秦越面不改色,反倒是笑了,他看似很是轻松,“王爷能说出这番话来,想必心中自己是动过这念头的。”
他这是要把北戎王也拉下水了。
果真他话一出,北戎王的面色就变僵了,他沉吟片刻,与秦越面对面直视。两个男子对视着双方,一人眼里深测不明,另一人眼里含笑,但目光皆是无比坚毅的。
北戎王“呵”笑出声,“秦将军,本王曾以为你是再忠心的忠臣不过。”
秦越偏头回以一笑,“不过要看忠的君为何人罢了。”
“哦?”
北戎王又问:“那秦将军此时是站在本王这边了?”
“这便要看王爷所做的是何选择了。”秦越坚定着说道,他的周身弥着一股难以忽视的魄力,让人不得不信服于他的话:“秦某只忠于能令秦某忠心的君主。”
这人,绝非是崇安帝。
北戎王惊诧了。
莫非是崇安帝……当真不适合为君?
北戎王想,这世上他只见过如汾阳王爷,如常山老郡王,如秦越这般的忠臣,对君主忠心无二的臣子。
但有朝一日,当忠心耿耿的臣子都被逼得要另谋活路,这到底是忠臣本就是不忠心,还是为君者的失败。
北戎王郑重回道:“本王知道了,旁的事宜秦将军不必操心,只管守住崆峒山便是。”
秦越已然明了北戎王的意思,他直起身拜谢过后便要离开,走前还作了请求,“王爷,那内子……”
他最为在意的,无非是柳长妤的安慰。
他不会允许柳长妤与自己一同前去崆峒山,因此他必须在走之前安顿好她,要将她安置在绝对安全的地方。
北戎王见他面露焦虑,暗暗感叹刚新婚的男子就是不一般,那宝贝媳妇的劲儿连他都不免被惊到了,“你放心把祈阳留在王府,本王绝不会叫她少一根头发的。”
“内子的安危,就交代王爷身上了。”
秦越谢过北戎王后,大踏步离去。
等他再转脚回到院内,柳长妤已经起来了。她已梳洗过,换好了衣裳,回身之时得以见到秦越的身影,脚底已忍不住奔走过去,一头栽进了他的怀里。
秦越反手将她搂了个正好。
两人依偎了小半晌,也没听柳长妤开口,秦越就摸摸她的发丝,低声问道:“长妤,你怎的了?”
“你可是与王爷谈完话了?很快就要走了?”柳长妤语气闷闷不乐,双手又将他搂得更紧。
秦越吻了下她的发顶,兴许是被她低落的情绪感染了,他声色同样沉沉的,“长妤,明日我就出发,动身前去崆峒山,你就在北戎王府里等我。”

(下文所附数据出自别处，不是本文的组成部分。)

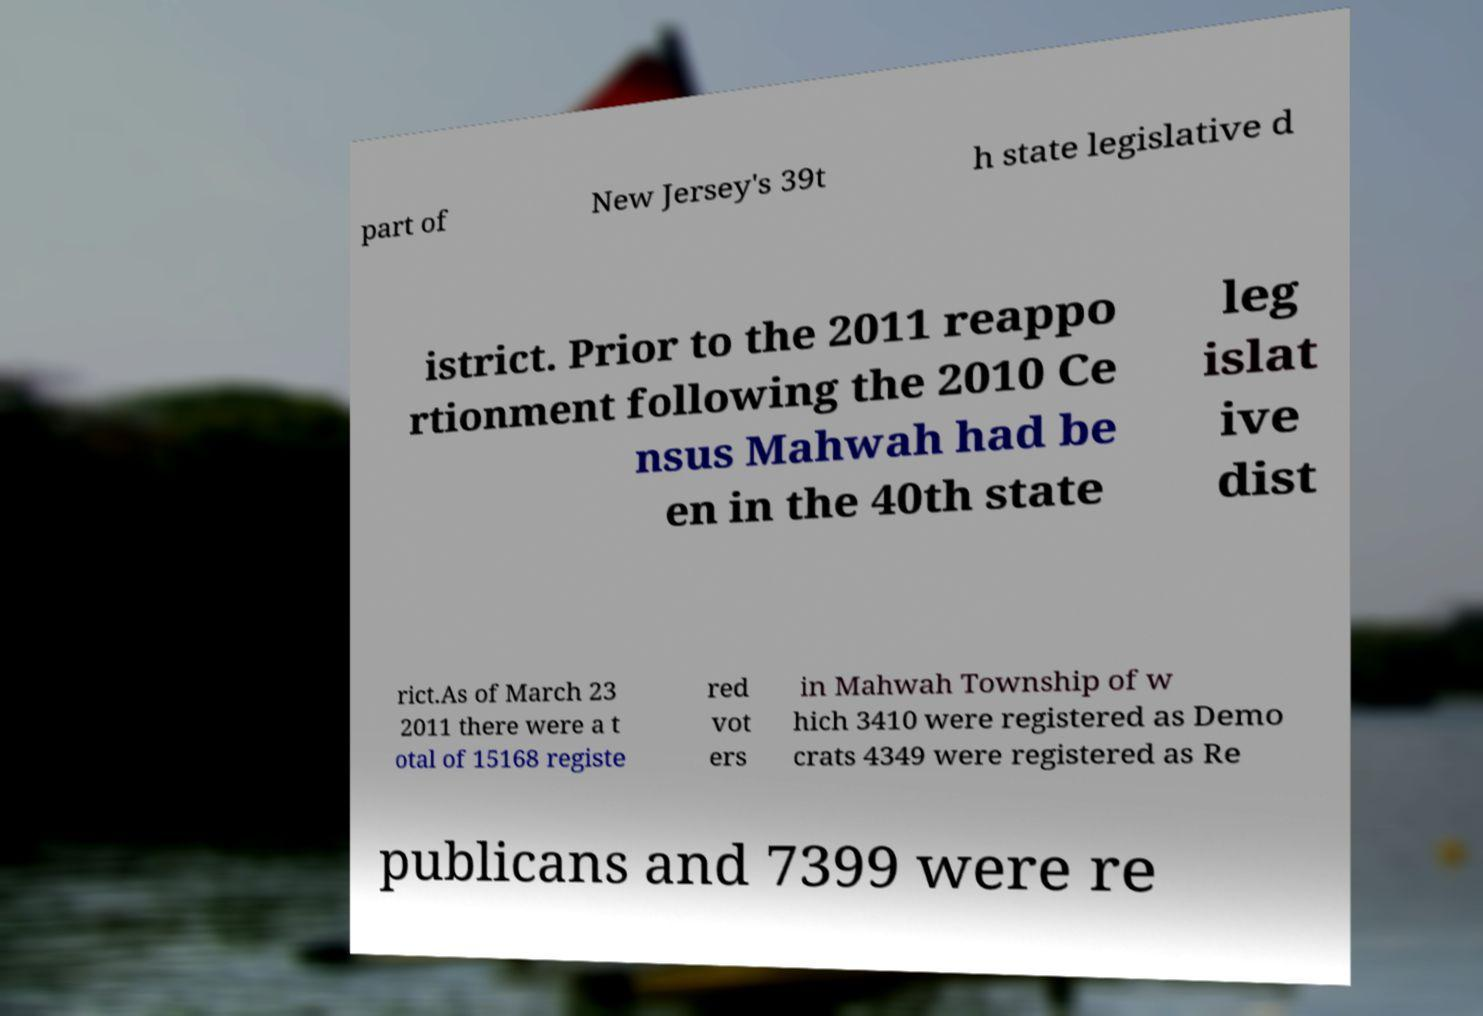I need the written content from this picture converted into text. Can you do that? part of New Jersey's 39t h state legislative d istrict. Prior to the 2011 reappo rtionment following the 2010 Ce nsus Mahwah had be en in the 40th state leg islat ive dist rict.As of March 23 2011 there were a t otal of 15168 registe red vot ers in Mahwah Township of w hich 3410 were registered as Demo crats 4349 were registered as Re publicans and 7399 were re

两人毕竟才新婚没几日,就要迎来离别,况且这离别还不知究竟会分隔多久。不止是柳长妤难耐,秦越同样也是。
前世今生,算起来两辈子,可两人真真正正在一起的日子,却一点也不多。
“阿越,阿越。你抱抱我。”
柳长妤将头在他胸口蹭了好半天,眼里涩涩的,就好想哭,特别的想哭。
她真的不想他去,一点都不想。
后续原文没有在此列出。